(Entries taken from a collection)
========================================================================
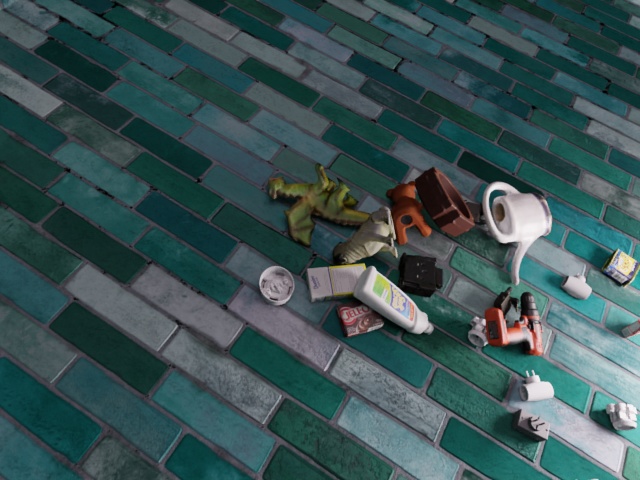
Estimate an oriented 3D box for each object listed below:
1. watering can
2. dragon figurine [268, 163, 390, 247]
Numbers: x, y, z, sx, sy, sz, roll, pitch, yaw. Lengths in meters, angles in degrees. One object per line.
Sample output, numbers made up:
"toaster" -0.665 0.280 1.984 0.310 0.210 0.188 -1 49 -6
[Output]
"watering can" 0.655 -0.034 1.687 0.225 0.102 0.352 -8 73 -16
"dragon figurine" 0.005 -0.081 1.615 0.412 0.120 0.245 42 78 9
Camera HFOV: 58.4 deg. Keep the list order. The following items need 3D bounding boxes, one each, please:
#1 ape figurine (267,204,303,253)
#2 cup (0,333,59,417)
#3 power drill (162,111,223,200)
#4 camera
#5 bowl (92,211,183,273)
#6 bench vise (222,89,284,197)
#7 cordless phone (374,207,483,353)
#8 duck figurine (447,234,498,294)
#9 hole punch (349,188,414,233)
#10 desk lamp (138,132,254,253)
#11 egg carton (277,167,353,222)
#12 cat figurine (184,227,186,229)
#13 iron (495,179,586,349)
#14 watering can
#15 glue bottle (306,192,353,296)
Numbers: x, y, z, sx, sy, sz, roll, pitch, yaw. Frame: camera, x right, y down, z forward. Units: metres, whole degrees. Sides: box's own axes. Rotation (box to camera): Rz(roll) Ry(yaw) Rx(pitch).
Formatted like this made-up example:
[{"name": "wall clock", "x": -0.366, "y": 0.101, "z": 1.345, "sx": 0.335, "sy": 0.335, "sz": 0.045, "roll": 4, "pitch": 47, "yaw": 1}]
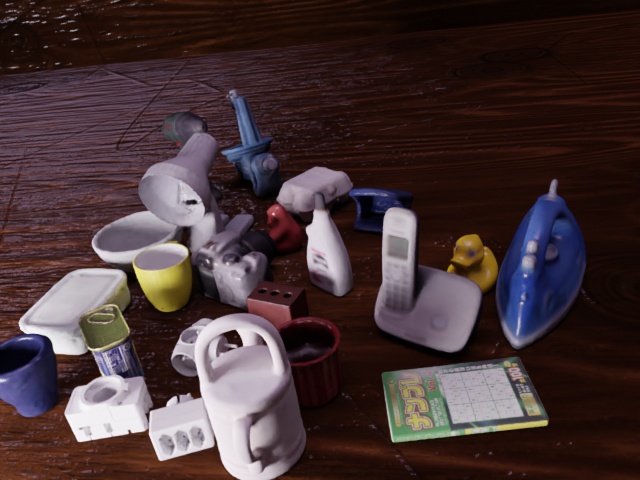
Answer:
[{"name": "ape figurine", "x": -0.073, "y": -0.025, "z": 1.052, "sx": 0.076, "sy": 0.092, "sz": 0.078, "roll": 6, "pitch": 32, "yaw": 24}, {"name": "cup", "x": -0.400, "y": 0.185, "z": 0.764, "sx": 0.117, "sy": 0.095, "sz": 0.092, "roll": 5, "pitch": 32, "yaw": 22}, {"name": "power drill", "x": -0.282, "y": -0.189, "z": 1.276, "sx": 0.076, "sy": 0.209, "sz": 0.228, "roll": -23, "pitch": 33, "yaw": -24}, {"name": "camera", "x": -0.127, "y": 0.032, "z": 0.956, "sx": 0.142, "sy": 0.101, "sz": 0.137, "roll": 16, "pitch": 37, "yaw": 36}, {"name": "bowl", "x": -0.330, "y": 0.012, "z": 1.070, "sx": 0.167, "sy": 0.075, "sz": 0.167, "roll": -6, "pitch": 29, "yaw": 4}, {"name": "bench vise", "x": -0.143, "y": -0.222, "z": 1.286, "sx": 0.206, "sy": 0.220, "sz": 0.122, "roll": 20, "pitch": 40, "yaw": 40}, {"name": "cordless phone", "x": 0.143, "y": 0.050, "z": 0.770, "sx": 0.147, "sy": 0.185, "sz": 0.094, "roll": 12, "pitch": 35, "yaw": 32}, {"name": "duck figurine", "x": 0.233, "y": 0.031, "z": 0.882, "sx": 0.077, "sy": 0.086, "sz": 0.105, "roll": 20, "pitch": 40, "yaw": 40}, {"name": "hole punch", "x": 0.116, "y": -0.073, "z": 1.089, "sx": 0.108, "sy": 0.091, "sz": 0.101, "roll": 7, "pitch": 33, "yaw": 25}, {"name": "desk lamp", "x": -0.224, "y": -0.077, "z": 1.058, "sx": 0.117, "sy": 0.214, "sz": 0.203, "roll": 2, "pitch": 31, "yaw": 17}, {"name": "egg carton", "x": -0.009, "y": -0.098, "z": 1.186, "sx": 0.107, "sy": 0.069, "sz": 0.151, "roll": 20, "pitch": 40, "yaw": 40}, {"name": "cat figurine", "x": -0.317, "y": -0.078, "z": 1.181, "sx": 0.067, "sy": 0.118, "sz": 0.127, "roll": -20, "pitch": 32, "yaw": -20}, {"name": "iron", "x": 0.313, "y": 0.023, "z": 0.818, "sx": 0.118, "sy": 0.142, "sz": 0.259, "roll": 8, "pitch": 33, "yaw": 27}, {"name": "watering can", "x": -0.081, "y": 0.157, "z": 0.631, "sx": 0.101, "sy": 0.194, "sz": 0.172, "roll": -19, "pitch": 31, "yaw": -17}, {"name": "glue bottle", "x": 0.008, "y": 0.003, "z": 0.899, "sx": 0.077, "sy": 0.173, "sz": 0.037, "roll": 19, "pitch": 39, "yaw": 39}]
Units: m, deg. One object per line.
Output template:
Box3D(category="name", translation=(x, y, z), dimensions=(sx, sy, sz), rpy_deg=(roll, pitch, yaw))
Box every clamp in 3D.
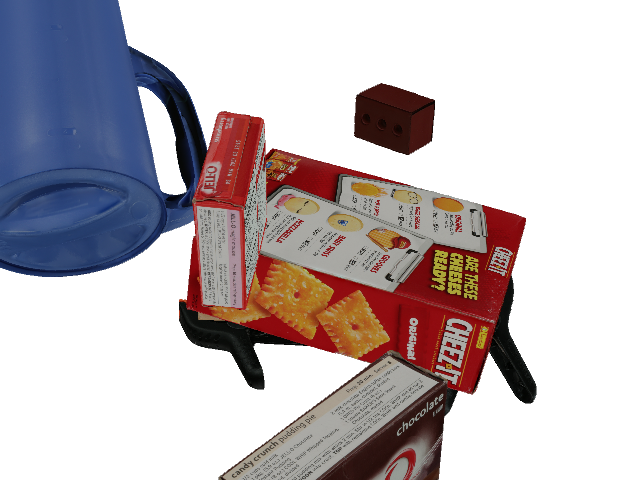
Box3D(category="clamp", translation=(0.136, 0.079, 0.966), dimensions=(0.120, 0.171, 0.039), rpy_deg=(-13, 2, -38))
Box3D(category="clamp", translation=(-0.093, 0.112, 1.237), dimensions=(0.210, 0.036, 0.164), rpy_deg=(14, 22, 29))

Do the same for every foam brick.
Box3D(category="foam brick", translation=(0.083, -0.138, 1.205), dimensions=(0.078, 0.053, 0.051), rpy_deg=(23, 36, 32))

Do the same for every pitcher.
Box3D(category="pitcher", translation=(-0.182, -0.105, 0.775), dimensions=(0.145, 0.243, 0.149), rpy_deg=(-23, -31, 17))

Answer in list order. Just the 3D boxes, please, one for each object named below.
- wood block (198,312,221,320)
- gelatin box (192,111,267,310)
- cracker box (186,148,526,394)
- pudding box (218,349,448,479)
Box3D(category="wood block", translation=(-0.016, 0.025, 1.056), dimensions=(0.206, 0.091, 0.090), rpy_deg=(2, 20, -5))
Box3D(category="gelatin box", translation=(-0.051, -0.016, 0.606), dimensions=(0.030, 0.073, 0.089), rpy_deg=(6, -43, 4))
Box3D(category="cracker box", translation=(0.031, 0.017, 0.789), dimensions=(0.214, 0.072, 0.164), rpy_deg=(16, 31, 11))
Box3D(category="pudding box", translation=(0.008, 0.114, 0.474), dimensions=(0.039, 0.090, 0.113), rpy_deg=(27, 44, 32))
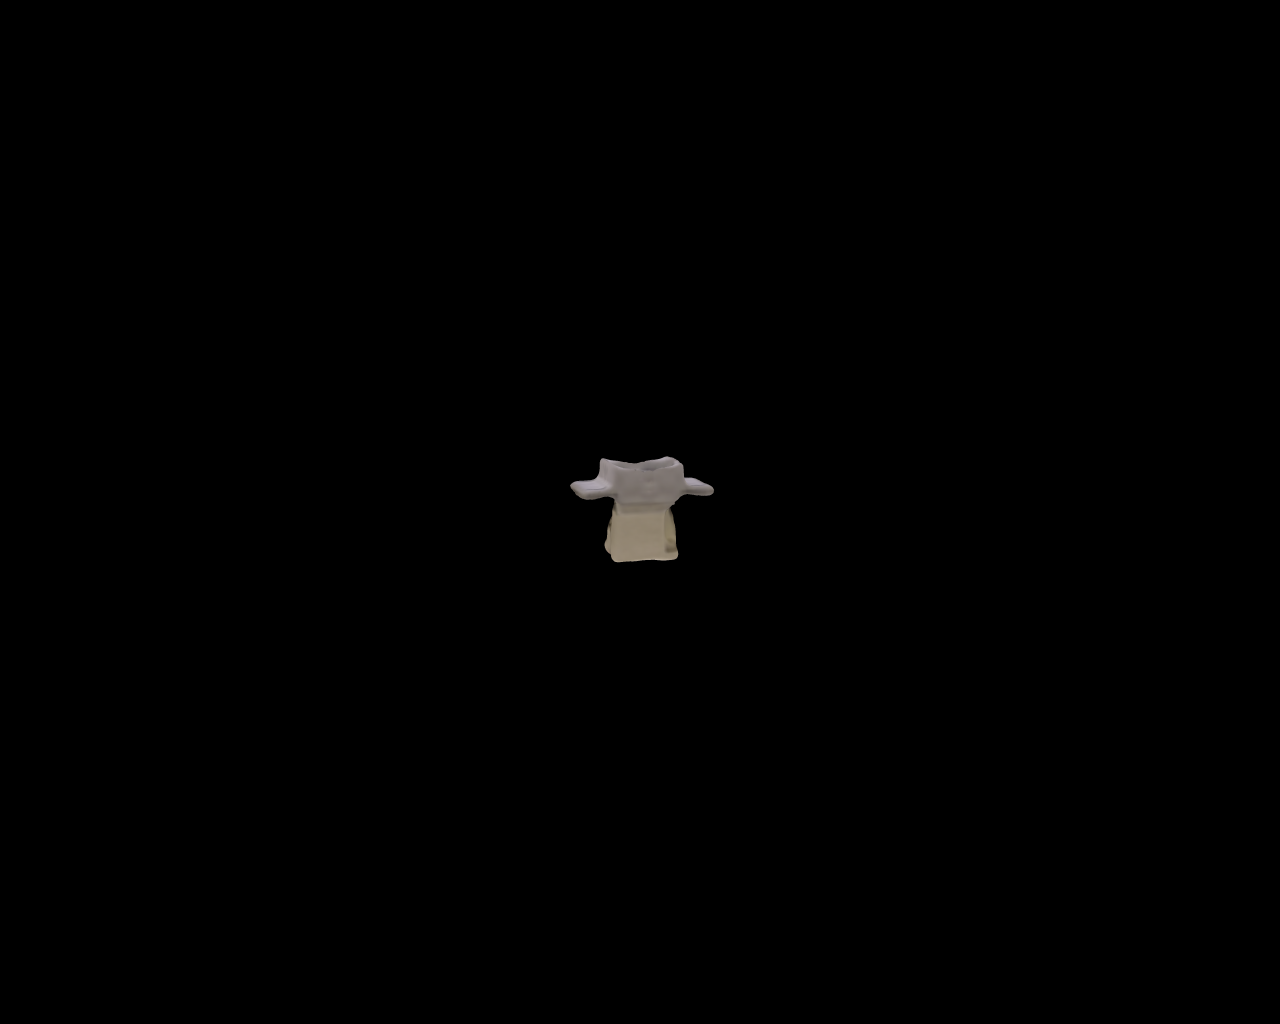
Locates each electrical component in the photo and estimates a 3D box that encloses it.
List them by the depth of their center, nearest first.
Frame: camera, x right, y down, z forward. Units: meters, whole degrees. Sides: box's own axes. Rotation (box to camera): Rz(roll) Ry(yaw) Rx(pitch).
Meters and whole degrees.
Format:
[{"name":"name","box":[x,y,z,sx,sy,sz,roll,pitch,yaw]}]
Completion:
[{"name":"electrical component","box":[0.001,-0.003,0.650,0.081,0.063,0.042,-2,11,-12]}]
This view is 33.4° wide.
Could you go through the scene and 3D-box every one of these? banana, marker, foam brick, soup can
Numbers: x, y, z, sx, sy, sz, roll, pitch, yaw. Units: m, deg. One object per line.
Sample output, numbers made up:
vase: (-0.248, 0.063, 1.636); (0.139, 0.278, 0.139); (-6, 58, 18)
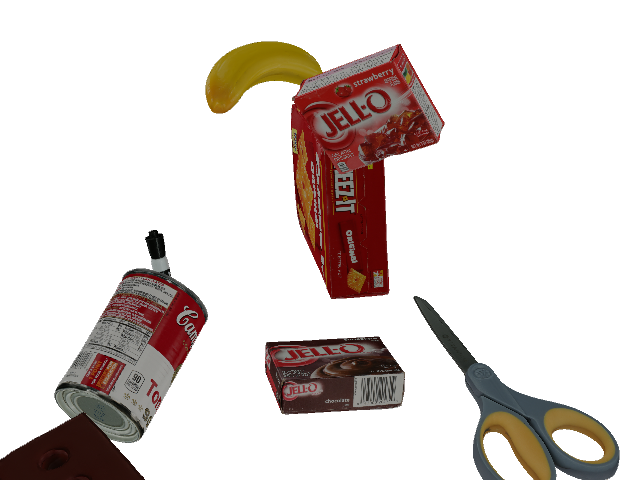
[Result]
========================================================================
## BRIEF
Write the records out exactly, dropping every image.

## EXPECTED OUTPUT
Estimate an oriented 3D box for each object listed below:
1. watering can
2. dragon figurine [268, 163, 390, 247]
Numbers: x, y, z, sx, sy, sz, roll, pitch, yaw. Lengths in meters, angles in degrees. One object per line.
Sample output, numbers made up:
"toaster" -0.665 0.280 1.984 0.310 0.210 0.188 -1 49 -6
[Output]
"watering can" 0.655 -0.034 1.687 0.225 0.102 0.352 -8 73 -16
"dragon figurine" 0.005 -0.081 1.615 0.412 0.120 0.245 42 78 9
Camera HFOV: 58.4 deg. Keep the list order. The following items need 3D bounding boxes, one each, please:
#1 ape figurine (267,204,303,253)
#2 cup (0,333,59,417)
#3 power drill (162,111,223,200)
#4 camera
#5 bowl (92,211,183,273)
#6 bench vise (222,89,284,197)
#7 cordless phone (374,207,483,353)
#8 duck figurine (447,234,498,294)
#9 hole punch (349,188,414,233)
#10 desk lamp (138,132,254,253)
#11 egg carton (277,167,353,222)
#12 cat figurine (184,227,186,229)
#13 iron (495,179,586,349)
#14 watering can
#15 glue bottle (306,192,353,296)
Numbers: x, y, z, sx, sy, sz, roll, pitch, yaw. Frame: camera, x right, y down, z forward. Units: metres, whole degrees. Sides: box's own axes. Rotation (box to camera): Rz(roll) Ry(yaw) Rx(pitch).
Formatted like this made-up example:
[{"name": "wall clock", "x": -0.366, "y": 0.101, "z": 1.345, "sx": 0.335, "sy": 0.335, "sz": 0.045, "roll": 4, "pitch": 47, "yaw": 1}]
Answer:
[{"name": "ape figurine", "x": -0.073, "y": -0.025, "z": 1.052, "sx": 0.076, "sy": 0.092, "sz": 0.078, "roll": 6, "pitch": 32, "yaw": 24}, {"name": "cup", "x": -0.400, "y": 0.185, "z": 0.764, "sx": 0.117, "sy": 0.095, "sz": 0.092, "roll": 5, "pitch": 32, "yaw": 22}, {"name": "power drill", "x": -0.282, "y": -0.189, "z": 1.276, "sx": 0.076, "sy": 0.209, "sz": 0.228, "roll": -23, "pitch": 33, "yaw": -24}, {"name": "camera", "x": -0.127, "y": 0.032, "z": 0.956, "sx": 0.142, "sy": 0.101, "sz": 0.137, "roll": 16, "pitch": 37, "yaw": 36}, {"name": "bowl", "x": -0.330, "y": 0.012, "z": 1.070, "sx": 0.167, "sy": 0.075, "sz": 0.167, "roll": -6, "pitch": 29, "yaw": 4}, {"name": "bench vise", "x": -0.143, "y": -0.222, "z": 1.286, "sx": 0.206, "sy": 0.220, "sz": 0.122, "roll": 20, "pitch": 40, "yaw": 40}, {"name": "cordless phone", "x": 0.143, "y": 0.050, "z": 0.770, "sx": 0.147, "sy": 0.185, "sz": 0.094, "roll": 12, "pitch": 35, "yaw": 32}, {"name": "duck figurine", "x": 0.233, "y": 0.031, "z": 0.882, "sx": 0.077, "sy": 0.086, "sz": 0.105, "roll": 20, "pitch": 40, "yaw": 40}, {"name": "hole punch", "x": 0.116, "y": -0.073, "z": 1.089, "sx": 0.108, "sy": 0.091, "sz": 0.101, "roll": 7, "pitch": 33, "yaw": 25}, {"name": "desk lamp", "x": -0.224, "y": -0.077, "z": 1.058, "sx": 0.117, "sy": 0.214, "sz": 0.203, "roll": 2, "pitch": 31, "yaw": 17}, {"name": "egg carton", "x": -0.009, "y": -0.098, "z": 1.186, "sx": 0.107, "sy": 0.069, "sz": 0.151, "roll": 20, "pitch": 40, "yaw": 40}, {"name": "cat figurine", "x": -0.317, "y": -0.078, "z": 1.181, "sx": 0.067, "sy": 0.118, "sz": 0.127, "roll": -20, "pitch": 32, "yaw": -20}, {"name": "iron", "x": 0.313, "y": 0.023, "z": 0.818, "sx": 0.118, "sy": 0.142, "sz": 0.259, "roll": 8, "pitch": 33, "yaw": 27}, {"name": "watering can", "x": -0.081, "y": 0.157, "z": 0.631, "sx": 0.101, "sy": 0.194, "sz": 0.172, "roll": -19, "pitch": 31, "yaw": -17}, {"name": "glue bottle", "x": 0.008, "y": 0.003, "z": 0.899, "sx": 0.077, "sy": 0.173, "sz": 0.037, "roll": 19, "pitch": 39, "yaw": 39}]
Units: m, deg. One object per line.
Output template:
Box3D(category="name", translation=(x, y, z), dimensions=(sx, sy, sz), rpy_deg=(roll, pitch, yaw))
Box every clamp in 3D.
Box3D(category="clamp", translation=(0.136, 0.079, 0.966), dimensions=(0.120, 0.171, 0.039), rpy_deg=(-13, 2, -38))
Box3D(category="clamp", translation=(-0.093, 0.112, 1.237), dimensions=(0.210, 0.036, 0.164), rpy_deg=(14, 22, 29))

Do the same for every foam brick.
Box3D(category="foam brick", translation=(0.083, -0.138, 1.205), dimensions=(0.078, 0.053, 0.051), rpy_deg=(23, 36, 32))

Do the same for every pitcher.
Box3D(category="pitcher", translation=(-0.182, -0.105, 0.775), dimensions=(0.145, 0.243, 0.149), rpy_deg=(-23, -31, 17))

Answer in list order. Just the 3D boxes, please, one for each object named below.
- wood block (198,312,221,320)
- gelatin box (192,111,267,310)
- cracker box (186,148,526,394)
- pudding box (218,349,448,479)
Box3D(category="wood block", translation=(-0.016, 0.025, 1.056), dimensions=(0.206, 0.091, 0.090), rpy_deg=(2, 20, -5))
Box3D(category="gelatin box", translation=(-0.051, -0.016, 0.606), dimensions=(0.030, 0.073, 0.089), rpy_deg=(6, -43, 4))
Box3D(category="cracker box", translation=(0.031, 0.017, 0.789), dimensions=(0.214, 0.072, 0.164), rpy_deg=(16, 31, 11))
Box3D(category="pudding box", translation=(0.008, 0.114, 0.474), dimensions=(0.039, 0.090, 0.113), rpy_deg=(27, 44, 32))
Locates each electrical component in the photo and estimates a 3D box that encloses it.
List them by the depth of their center, nearest first.
Frame: camera, x right, y down, z forward. Units: meters, whole degrees. Sides: box's own axes. Rotation (box to camera): Rz(roll) Ry(yaw) Rx(pitch).
Meters and whole degrees.
Format:
[{"name":"name","box":[x,y,z,sx,sy,sz,roll,pitch,yaw]}]
Completion:
[{"name":"electrical component","box":[0.001,-0.003,0.650,0.081,0.063,0.042,-2,11,-12]}]
This view is 33.4° wide.
Could you go through the scene and 3D-box every one of these? banana, marker, foam brick, soup can
Numbers: x, y, z, sx, sy, sz, roll, pitch, yaw. Units: m, deg. One object per line.
Sample output, numbers made up:
vase: (-0.248, 0.063, 1.636); (0.139, 0.278, 0.139); (-6, 58, 18)
[Result]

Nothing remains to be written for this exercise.